The NFL has proposed dramatically reduced penalties for cannabis use among players in a new collective bargaining agreement approved by all 32 team owners.
The vote took place at a hotel in Manhattan on Thursday and the team owners unanimously decided to replace the existing 10-year labour document that expires in March 2021. The new document was circulated to players on Thursday and quickly leaked on social media.
It is now up for the players to decide whether they want to vote for it. If they back the agreement, several of its proposed measures will be implemented in time for the new season, which begins in September.

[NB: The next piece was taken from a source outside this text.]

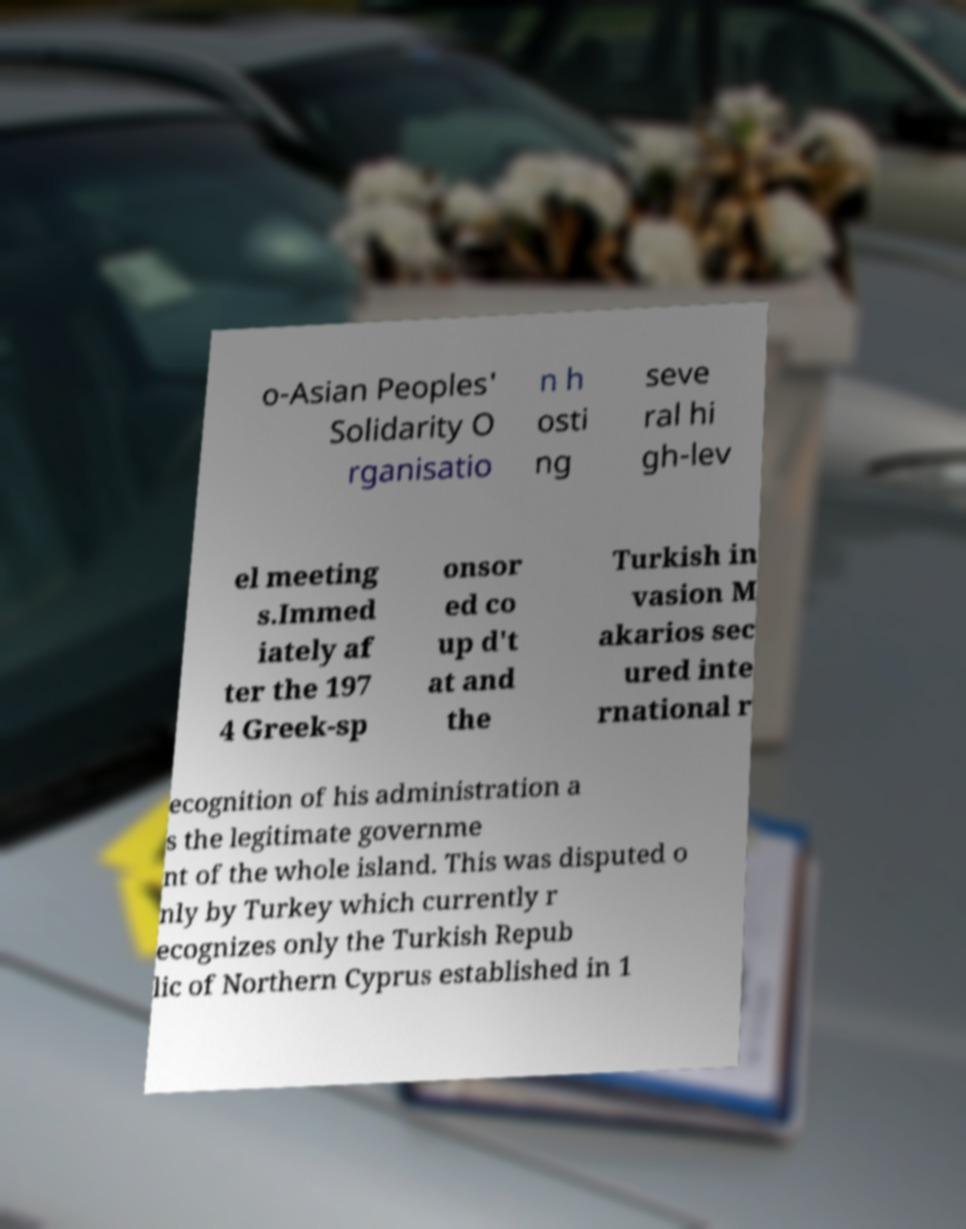Could you assist in decoding the text presented in this image and type it out clearly? o-Asian Peoples' Solidarity O rganisatio n h osti ng seve ral hi gh-lev el meeting s.Immed iately af ter the 197 4 Greek-sp onsor ed co up d't at and the Turkish in vasion M akarios sec ured inte rnational r ecognition of his administration a s the legitimate governme nt of the whole island. This was disputed o nly by Turkey which currently r ecognizes only the Turkish Repub lic of Northern Cyprus established in 1 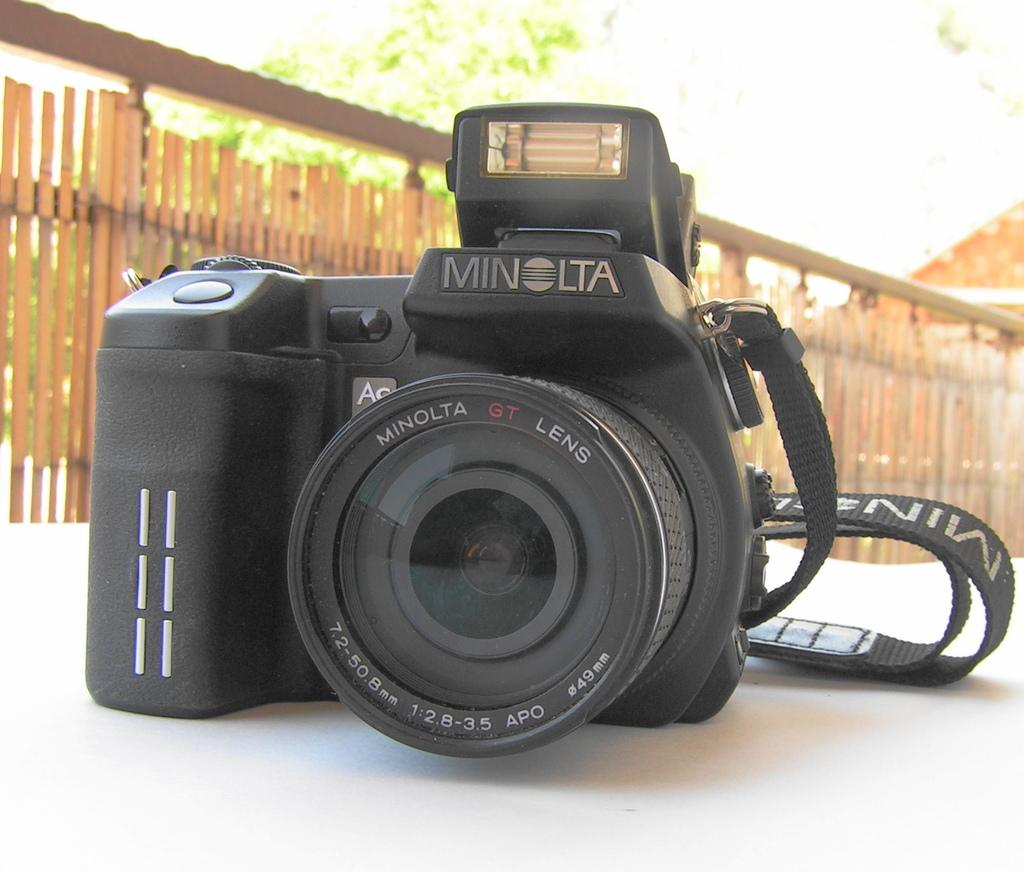What is the main object in the image? There is a camera in the image. What color is the surface on which the camera is placed? The camera is on a white color surface. What can be seen in the background of the image? There is a wooden boundary and a tree visible in the background of the image. How many screws are visible on the camera in the image? There are no screws visible on the camera in the image. What type of suit is the giraffe wearing in the image? There is no giraffe present in the image, so it cannot be wearing a suit.

It includes significant concessions on marijuana use. A new window for cannabis testing would be narrowed to just two weeks in July, just before the start of training camps.
Right now the testing period begins on April 20 – cue 4/20 jokes – and runs through to early August. Tests are random, meaning players must stay clean of cannabis for the vast majority of the offseason.
The new proposed rules would allow players to use cannabis to treat aches and pains for the majority of the year. It falls short of completely lifting the ban, but suggests a significantly reduced effort to hunt down cannabis users.
Under the terms of the new CBA, players would no longer face possible suspensions for testing positive. The threshold for positive tests would also be increased from 35 nanograms to 150.
The NFL therefore plans to reduce efforts to identify cannabis users and then be a lot more lenient on anyone that fails a test.
It mirrors a trend for increasingly liberal attitudes to marijuana across the country. Medical marijuana is legal in 31 states, recreational marijuana is legal in 11 states and many more have either decriminalized cannabis use or are in the process of doing so. The federal government is under pressure to follow suit, and all candidates for the Democrat nomination have pledged to do so.
Major League Baseball announced in December that it would remove marijuana from its prohibited substance list for all minor league players, having previously stopped testing players on each team’s 40-man roster. The NHL also has relaxed cannabis policies and NBA policy is evolving in a more liberal direction too.